Fuzziness in query_string

Hi all,

I am using query_string for my queries, because I want the user to be able to use operators like AND and OR.

The problem is, that if a user searches for "nestle", he won't get any results, because it is actually written as "nestlé". So the search term has to be exactly "nestlé" and not "nestle".

So I thought I might add some fuzziness. Would you agree, or do you have a better solution for handling accents?

The problem with fuzziness is, that in query_string the user must add the tide ~ himself after a word, but he doesn't know about it.

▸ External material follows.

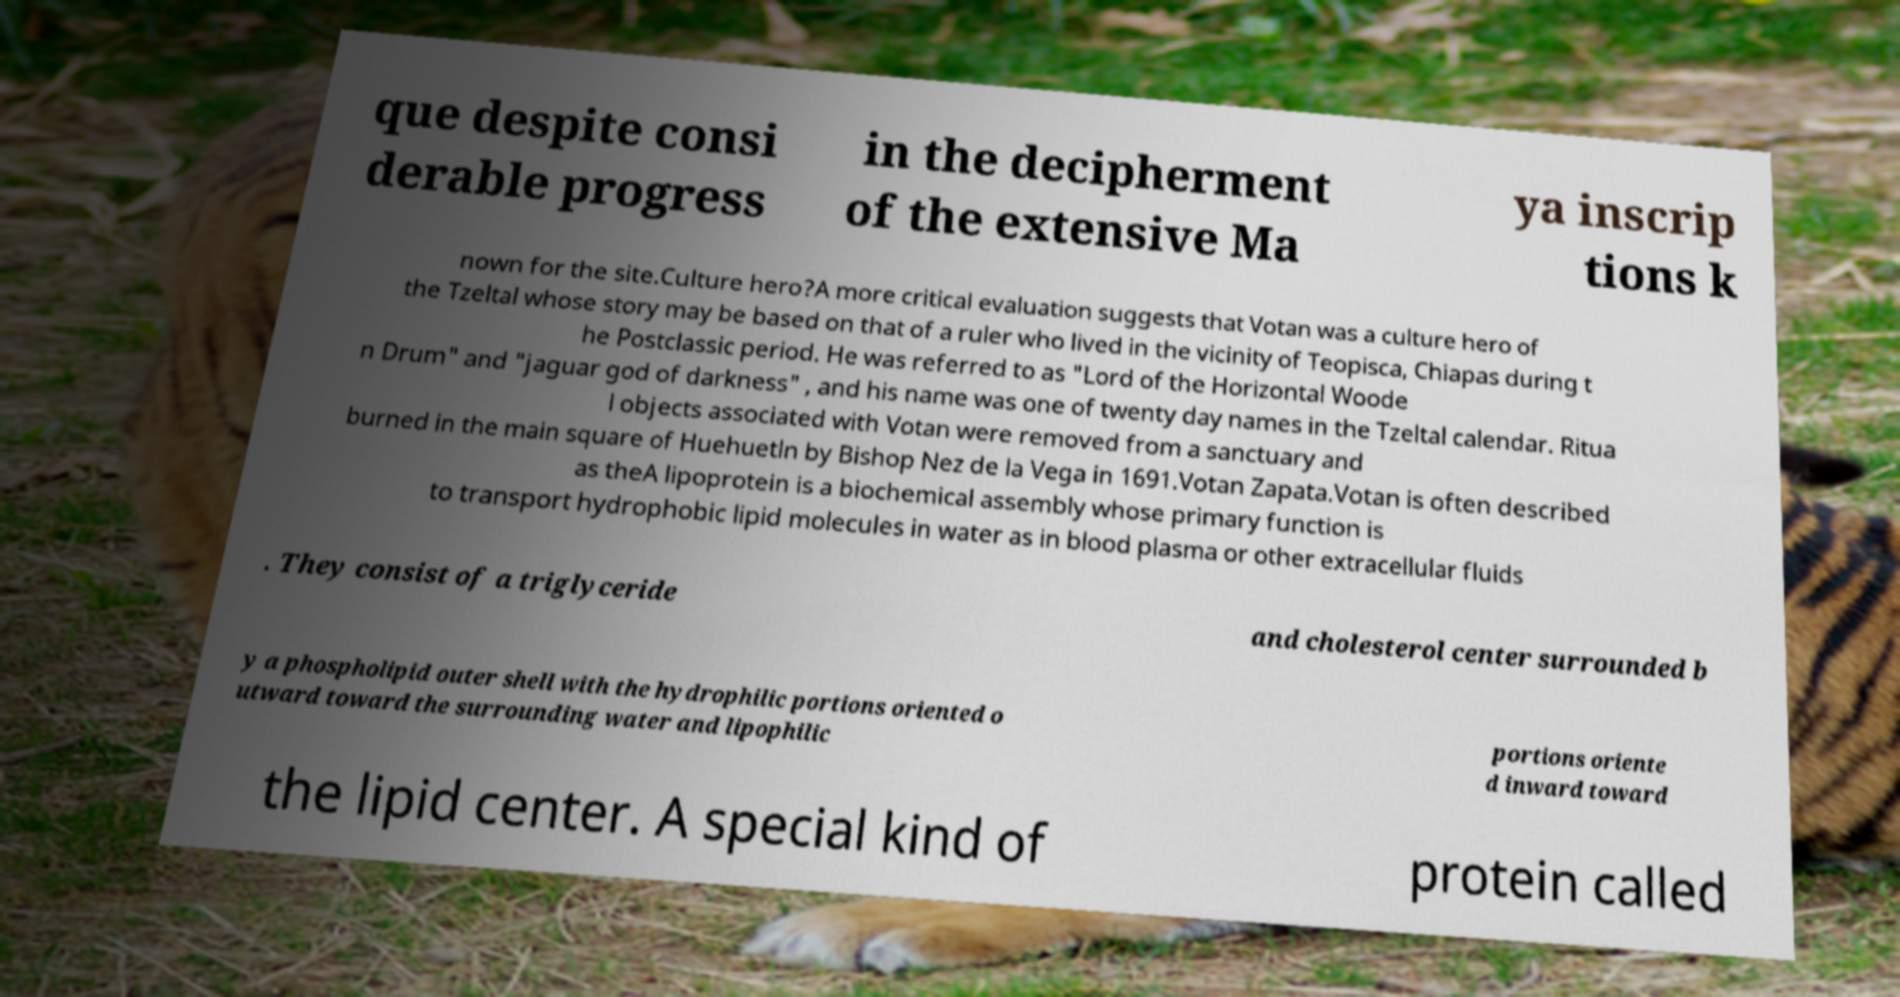Please read and relay the text visible in this image. What does it say? que despite consi derable progress in the decipherment of the extensive Ma ya inscrip tions k nown for the site.Culture hero?A more critical evaluation suggests that Votan was a culture hero of the Tzeltal whose story may be based on that of a ruler who lived in the vicinity of Teopisca, Chiapas during t he Postclassic period. He was referred to as "Lord of the Horizontal Woode n Drum" and "jaguar god of darkness" , and his name was one of twenty day names in the Tzeltal calendar. Ritua l objects associated with Votan were removed from a sanctuary and burned in the main square of Huehuetln by Bishop Nez de la Vega in 1691.Votan Zapata.Votan is often described as theA lipoprotein is a biochemical assembly whose primary function is to transport hydrophobic lipid molecules in water as in blood plasma or other extracellular fluids . They consist of a triglyceride and cholesterol center surrounded b y a phospholipid outer shell with the hydrophilic portions oriented o utward toward the surrounding water and lipophilic portions oriente d inward toward the lipid center. A special kind of protein called

So I am looking for a way to automatically add a ~ after each token. Is this possible?

Best regards ,
Roger

Hi,
If your problem is just the "nestlé" use case, I think you don't need to use the fuzziness.

What you could do, is in your mapping to add the ascii folding token filter with the preserve_original parameter equals true.
In that case :
nestlé will be indexed as nestlé and nestle

https://www.elastic.co/guide/en/elasticsearch/reference/current/analysis-asciifolding-tokenfilter.html#analysis-asciifolding-tokenfilter

Thank you @klof for your answer.

The thing is, I am using elasticpress Wordpress plugin which has the settings/mappings part preset when i start the indexing process. I tried to "hack" the plugin, but it still does not work with "nestle".

I'm adding part of the mappings file from the plugin so you can see what i have added
(see line 8 in analyzer=>default=>filter and further down in "filter" where i put my custom asciifolder filter)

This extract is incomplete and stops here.